‘Almost rage bait’: Has Euphoria gone from defining Gen Z to dividing them?

James Kirkham, a brand strategist and culture commentator, agrees that the themes that once made Euphoria feel culturally defining are now more mainstream.
“The cultural conversation they were having in 2019 about identity, queerness, mental health, is now the conversation everyone is having everywhere, so the show no longer feels like a frontier.”
He believes the sheer speed of online culture has fundamentally changed how audiences engage with youth-focused television.
“The four-year gap is the real culprit because in social media and streaming time, four years is like a seismic or geological shift, so audiences who fell for season one as sixth formers are now graduates.”
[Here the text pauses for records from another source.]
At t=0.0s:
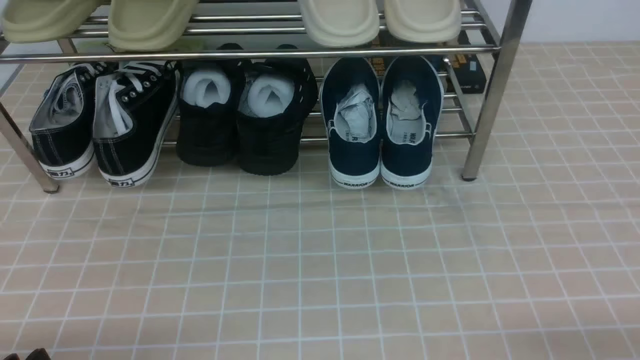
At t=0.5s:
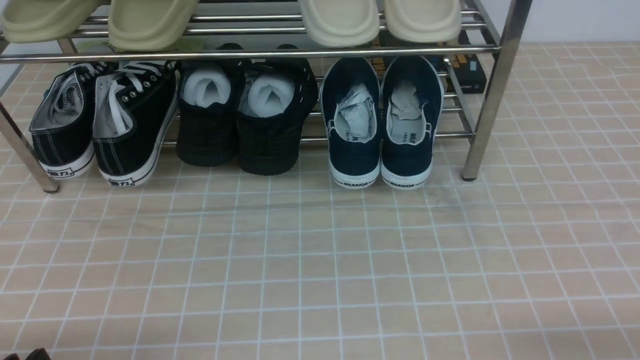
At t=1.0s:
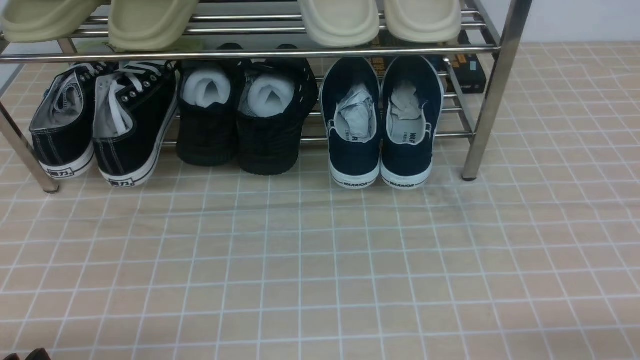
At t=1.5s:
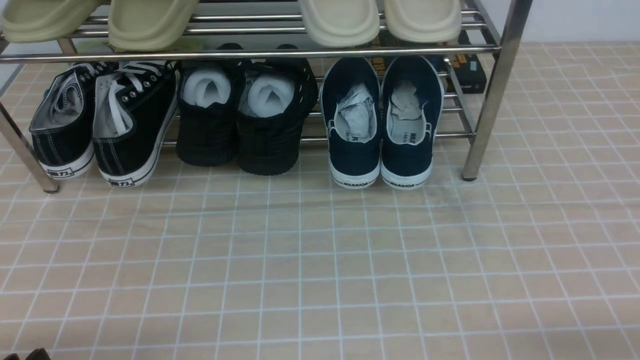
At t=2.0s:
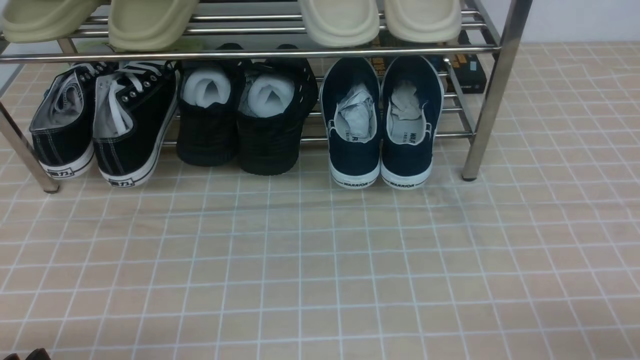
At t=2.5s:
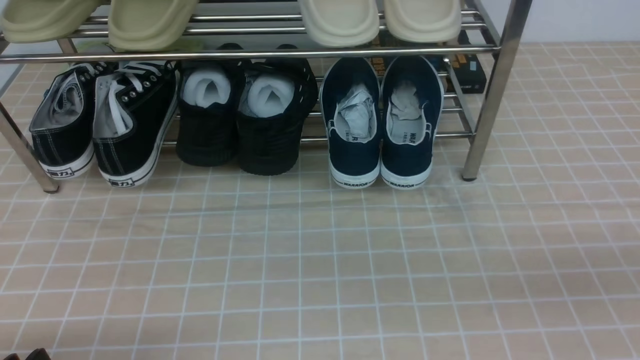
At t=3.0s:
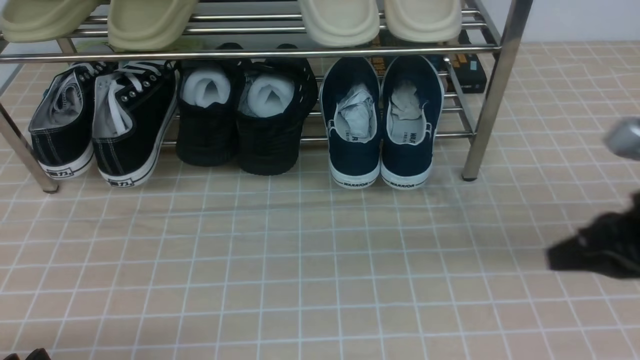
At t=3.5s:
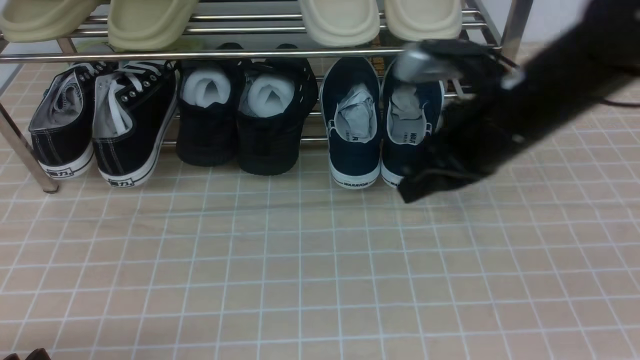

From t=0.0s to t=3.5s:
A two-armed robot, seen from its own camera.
From t=2.0s to t=3.5s: The right gripper heads forward, to the left and upward, covering roughly 35 cm, and closes.

Kirkham also says internet culture itself has fragmented since Euphoria’s early seasons, making it harder for any one television show to dominate in the same way and “community on social media now barely exists in any meaningful collective sense”.
Comparisons have frequently been drawn between Euphoria and Skins, the youth-focussed series that became hugely influential in the 2000s before later seasons struggled to maintain the same cultural relevance.
Kirkham says it is almost inevitable that modern youth dramas will lose relevance over time and “the miracle is when a youth show catches fire even once”.
“Expecting it to do it twice, in different cultural weather, with the same writers, is always hard.”